In differentiated bodies, the surface is where the crust meets the planetary boundary layer. Anything below this is regarded as being sub-surface or sub-marine. Most bodies more massive than super-Earths, including stars and gas giants, as well as smaller gas dwarfs, transition contiguously between phases, including gas, liquid, and solid. As such, they are generally regarded as lacking surfaces.
Planetary surfaces and surface life are of particular interest to humans as it is the primary habitat of the species, which has evolved to move over land and breathe air. Human space exploration and space colonization therefore focuses heavily on them. Humans have only directly explored the surface of Earth and the Moon. The vast distances and complexities of space makes direct exploration of even near-Earth objects dangerous and expensive. As such, all other exploration has been indirect via space probes.

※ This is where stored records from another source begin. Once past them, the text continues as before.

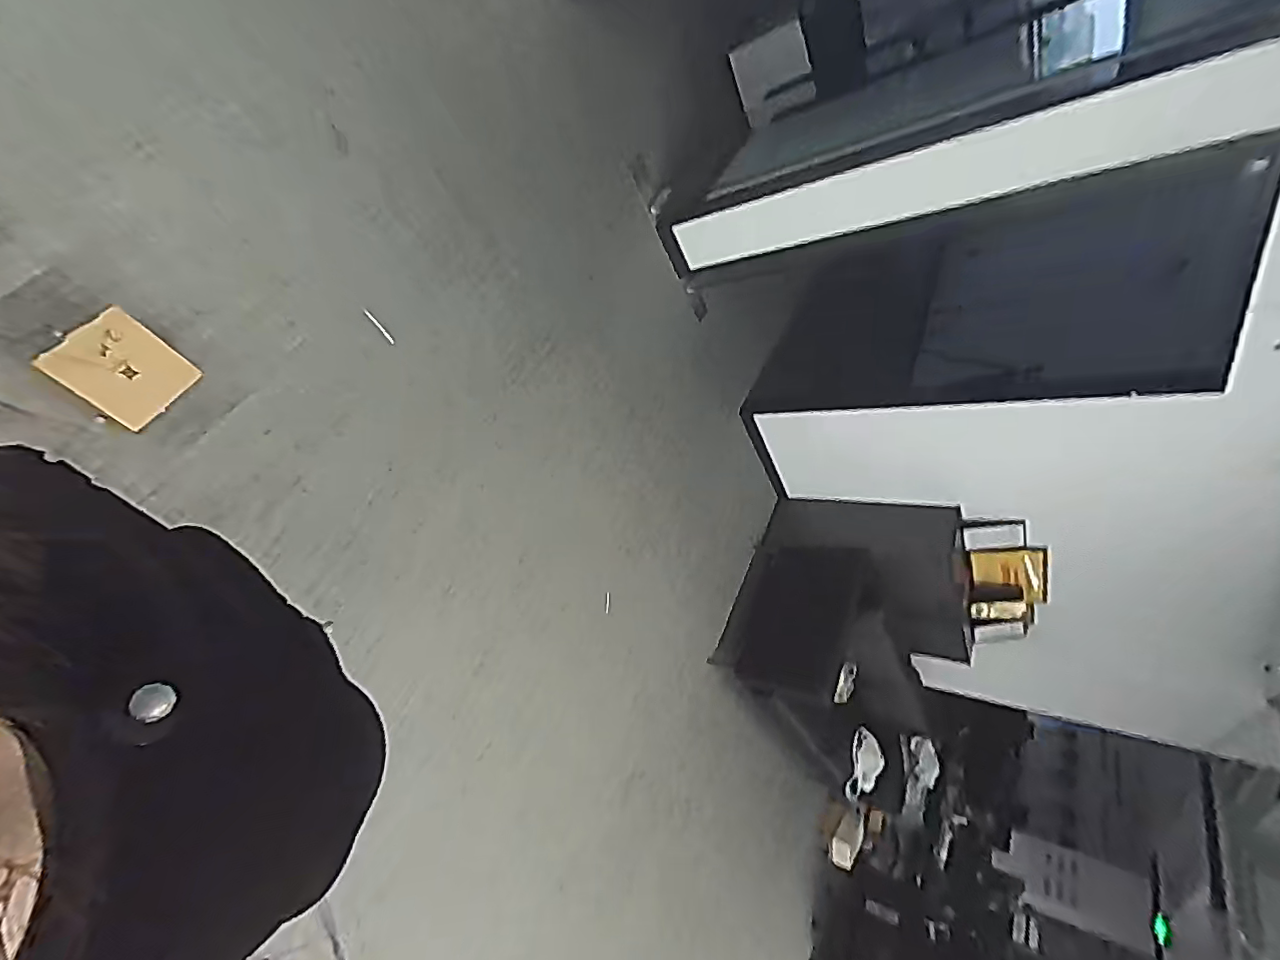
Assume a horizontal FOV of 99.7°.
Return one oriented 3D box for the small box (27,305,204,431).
[{"bbox_3d":[-1.024,-0.214,1.060,0.179,0.176,0.168,55,51,-39],"label":"small box"}]
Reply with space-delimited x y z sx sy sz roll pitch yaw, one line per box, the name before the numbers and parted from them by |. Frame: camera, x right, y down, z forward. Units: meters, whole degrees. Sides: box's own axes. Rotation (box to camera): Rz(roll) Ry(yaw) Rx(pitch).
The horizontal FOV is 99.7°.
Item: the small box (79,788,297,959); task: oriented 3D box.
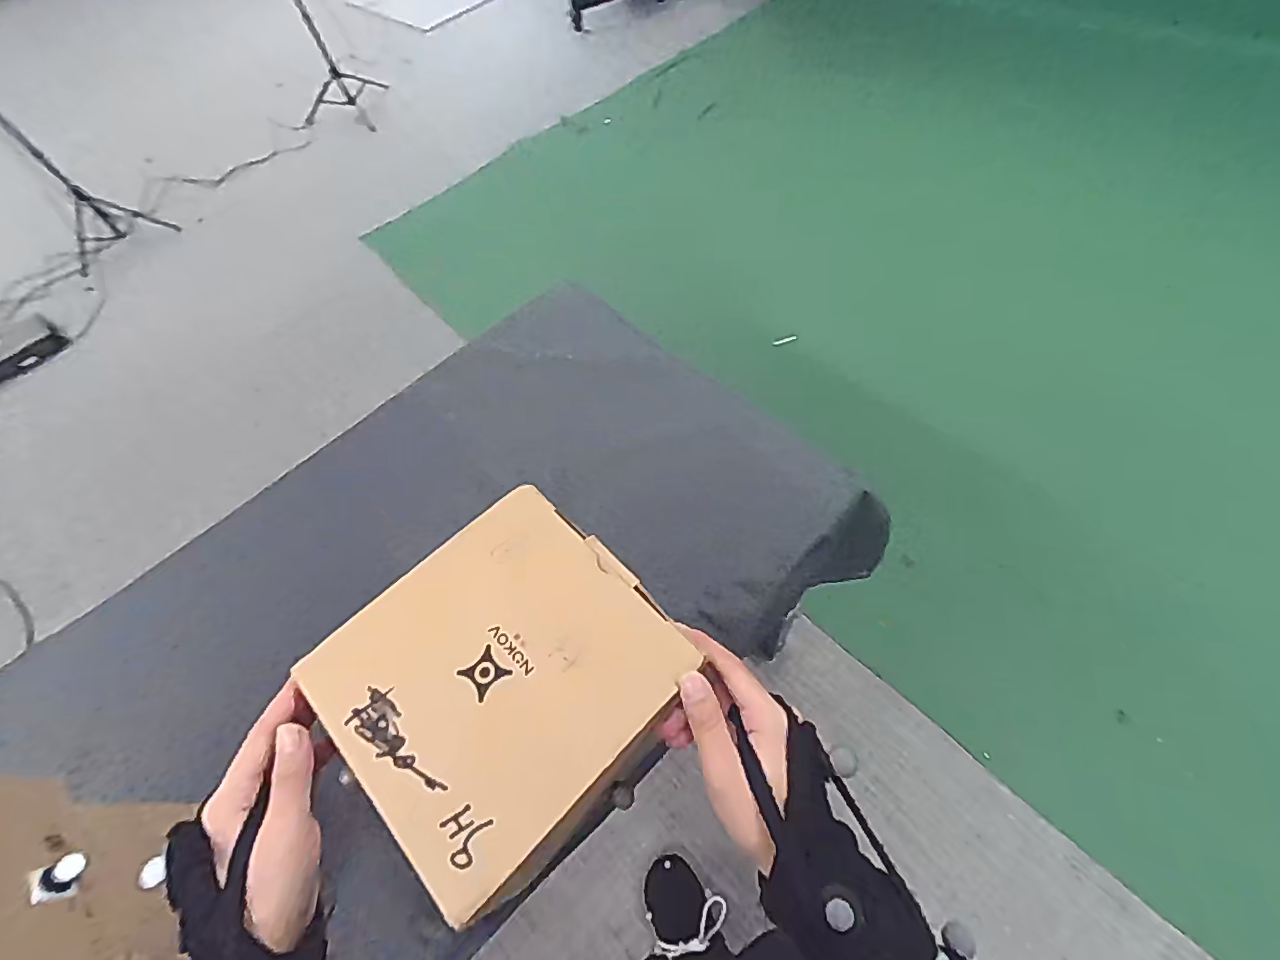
small box | -0.430 0.379 0.428 0.179 0.176 0.168 30 68 22

Indirect observations by flyby or orbit currently provide insufficient information to confirm the composition and properties of planetary surfaces. Much of what is known is from the use of techniques such as astronomical spectroscopy and sample return. Lander spacecraft have explored the surfaces of planets Mars and Venus. Mars is the only other planet to have had its surface explored by a mobile surface probe (rover). Titan is the only non-planetary object of planetary mass to have been explored by lander. Landers have explored several smaller bodies including 433 Eros (2001), 25143 Itokawa (2005), Tempel 1 (2005), 67P/Churyumov–Gerasimenko (2014), 162173 Ryugu (2018) and 101955 Bennu (2020). Surface samples have been collected from the Moon (returned 1969), 25143 Itokawa (returned 2010), 162173 Ryugu and 101955 Bennu.